Tehran University of Medical Sciences

Science Communicator Platform

Share By
Machine Learning Prediction of Metabolic-Associated Fatty Liver Disease in Type 2 Diabetes: Emphasizing Data Imputation and Feature Selection Publisher Pubmed



Khosravi Z ; Barzinpour F ; Rabizadeh S ; Nakhjavani M ; Esteghamati A
Authors

Source: PLOS ONE Published:2026


Abstract

Metabolic-Associated Fatty Liver Disease (MAFLD) is common among Type 2 Diabetes (T2DM) patients. The coexistence of these conditions increases the risk of MAFLD progression and diabetes complications. Detecting MAFLD early is challenging due to its asymptomatic initial stages. In this study, we aimed to develop a machine learning model to predict MAFLD in T2DM patients. We conducted a cross-sectional study on 3,654 Iranian T2DM patients using their demographic and lab data. This study involved thorough data preprocessing, including evaluating various imputation methods on simulated missingness in a complete subset of the dataset. Additionally, four feature selection methods were applied to eight machine learning models to identify the most effective predictive model.

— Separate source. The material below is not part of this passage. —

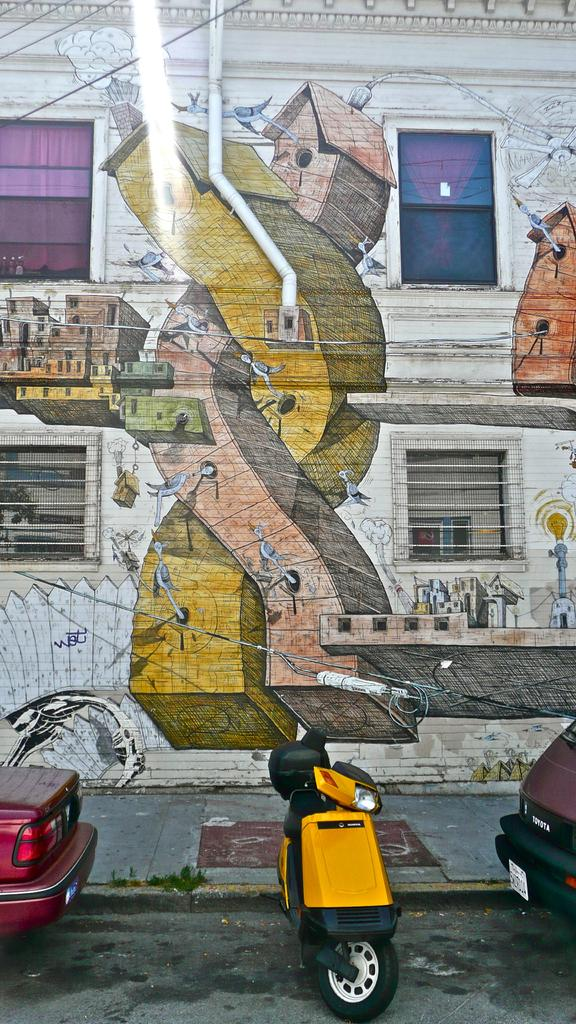What is the main subject in the center of the image? There are vehicles in the center of the image. What can be seen in the background of the image? There is a wall and windows in the background of the image. What is on the wall in the background? There is some artwork on the wall. Can you see a quilt hanging on the wall in the image? No, there is no quilt present in the image. How does the artwork on the wall look in the image? The question cannot be answered definitively as the appearance of the artwork is not described in the provided facts.

The XGBoost classifier without feature selection achieved the best performance, with an accuracy of 80.6% and an area under the receiver operating characteristic curve (AUC) of 88.9%. Notably, certain features, such as alanine aminotransferase (ALT), platelet count (PLT) and Vitamin D(VitD) influenced the predictive performance. © 2026 Khosravi et al. This is an open access article distributed under the terms of the Creative Commons Attribution License, which permits unrestricted use, distribution, and reproduction in any medium, provided the original author and source are credited.